Should Blind Tasting Be the Standard for All Wine Criticism?

wine criticism 6Blind tasting, in which the taster lacks knowledge of the producer and/or price and in some cases the variety and region, is thought to be the gold-standard of wine criticism because it preserves objectivity. But some features of a wine cannot be evaluated without knowing variety and producer. You can’t evaluate whether a wine is typical of its variety or consistent with a producer’s style without knowing these facts.

Although a critic with an agenda or theory about what wines are best may be biased if tasting non-blind, blind-tasting excludes important information that users of the criticism may want to know. If you want to compare vintages or wines from different vineyard blocks or you want to assess wines made by different producers from the same vineyard you can’t be tasting blind.

In the end, whether blind tasting is useful or not depends on the purpose of the review. Consumers looking for a good value benefit if the critic is blind. But high-end collectors looking for age-ability and the track-record of a wine need reviews that are non-blind, as do consumers who want to know the story behind a wine.

Critics are not the only tasters who taste blind. Blind tasting is important for training one’s skill as a wine taster. It forces you to really concentrate on what you’re tasting because you are grasping for any scrap of information your senses give you. But I have also found that when tasting blind, I devote so much attention to trying to guess region and varietal that I focus less on quality.

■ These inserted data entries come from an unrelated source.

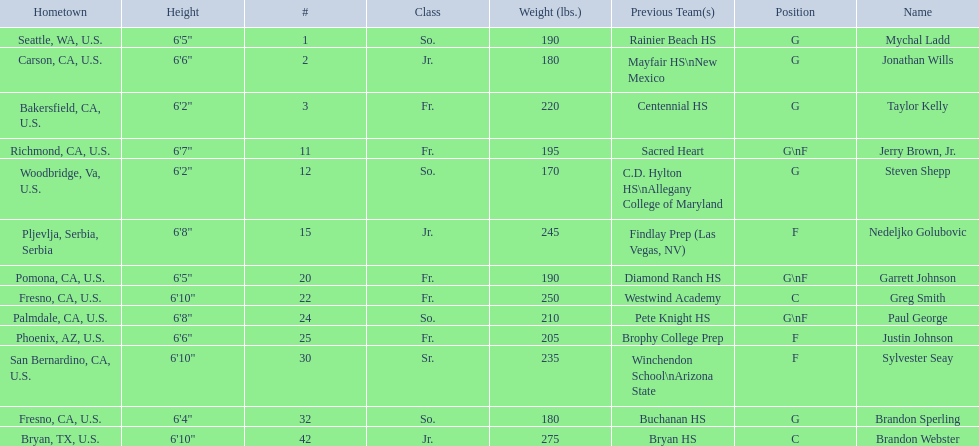Which players are forwards? Nedeljko Golubovic, Paul George, Justin Johnson, Sylvester Seay. What are the heights of these players? Nedeljko Golubovic, 6'8", Paul George, 6'8", Justin Johnson, 6'6", Sylvester Seay, 6'10". Of these players, who is the shortest? Justin Johnson. 
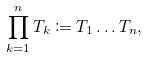Convert formula to latex. <formula><loc_0><loc_0><loc_500><loc_500>\prod _ { k = 1 } ^ { n } T _ { k } \coloneqq T _ { 1 } \dots T _ { n } ,</formula> 
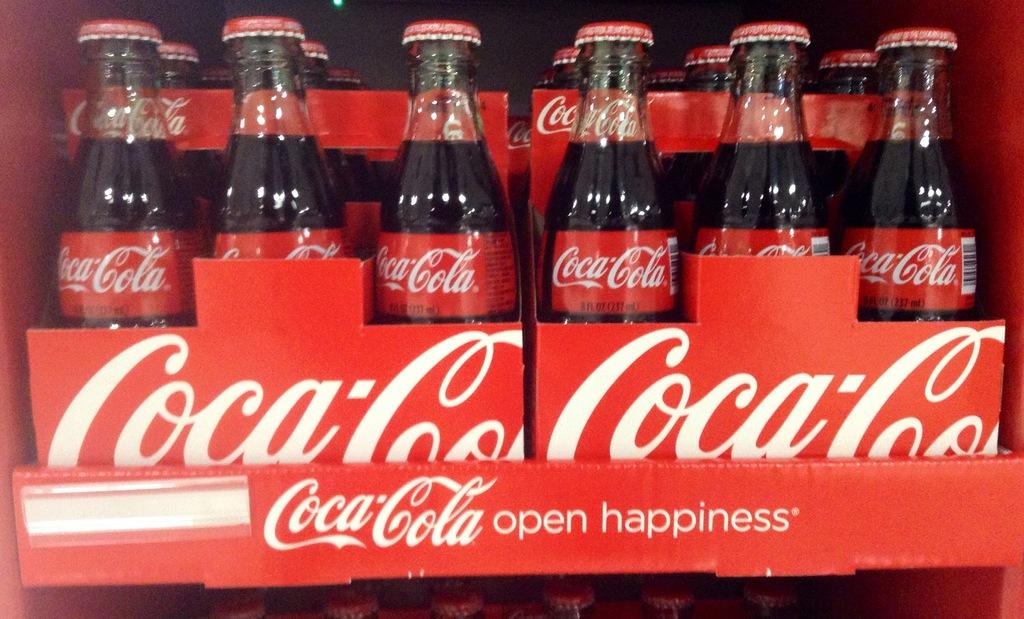What type of beverage bottles are present in the image? There are coca cola bottles in the image. What color are the coca cola bottles? The bottles are black in color. What other item related to coca cola can be seen in the image? There is a red coca cola box in the image. Are there any ants crawling on the coca cola bottles in the image? There is no mention of ants in the provided facts, so we cannot determine if there are any ants present in the image.

As for me, when I reviewed wines on this blog, I tasted non-blind. Edible Arts considers wines as works of art. And I’ve never heard of a film, art, or music critic who evaluates works without knowing as much as they can about the object of their review. All art evaluation requires judgments about how a work compares to others in its genre, how successful it is as a manifestation of its style, what it says about trends, and most importantly what the work means and how the aesthetic features of the work contribute to its meaning.  None of these judgments can be made without knowing who produced the work and what the appropriate categories are for understanding it. Knowing what the work is attempting to achieve is essential for judging whether it achieves its aim or not.

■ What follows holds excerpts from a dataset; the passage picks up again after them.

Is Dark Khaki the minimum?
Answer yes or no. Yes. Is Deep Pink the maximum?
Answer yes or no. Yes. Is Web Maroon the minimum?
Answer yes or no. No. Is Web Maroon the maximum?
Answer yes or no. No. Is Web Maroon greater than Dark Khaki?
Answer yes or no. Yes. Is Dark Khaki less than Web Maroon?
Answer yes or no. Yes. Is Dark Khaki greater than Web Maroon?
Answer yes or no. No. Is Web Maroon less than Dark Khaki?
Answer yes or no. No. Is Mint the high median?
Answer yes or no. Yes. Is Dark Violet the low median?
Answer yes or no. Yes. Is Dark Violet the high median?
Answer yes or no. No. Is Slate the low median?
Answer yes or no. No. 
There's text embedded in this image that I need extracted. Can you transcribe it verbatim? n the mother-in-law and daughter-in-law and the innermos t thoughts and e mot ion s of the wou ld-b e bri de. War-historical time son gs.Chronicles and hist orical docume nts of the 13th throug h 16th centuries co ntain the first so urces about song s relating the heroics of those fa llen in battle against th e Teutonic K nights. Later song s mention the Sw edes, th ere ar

The same holds for wine. Without knowing the varietal, the region, and the producer it is hard to know what the wine is aiming for and what the flavors and textures mean. The winemaker’s vision will in part be a product of where the grapes are grown, the style in which she chooses to make the wine, etc. Whether the wine is successful or not depends on knowing those facts.

Furthermore, unlike most critics, I did not taste many wines in one day. I focused on one wine and how it evolves over the course of an evening and how it  drinks the next day as well, and always in a quiet place with no distractions. Such a tasting regime mitigates some of the worries about objectivity. The more you taste a wine, the better your chances of uncovering mistaken impressions one gets from an initial tasting.

But at any rate, for my purposes, this multi-dimensionality is more important than objectivity. And that requires non-blind tasting.

One comment

  1. I prefer blind tasting myself.
    In the whiskey world so much rides on the kudos of the distillery or blender that I often feel skews the results of a review.
    You can find out the price/varietal/region after the blind tasting if required.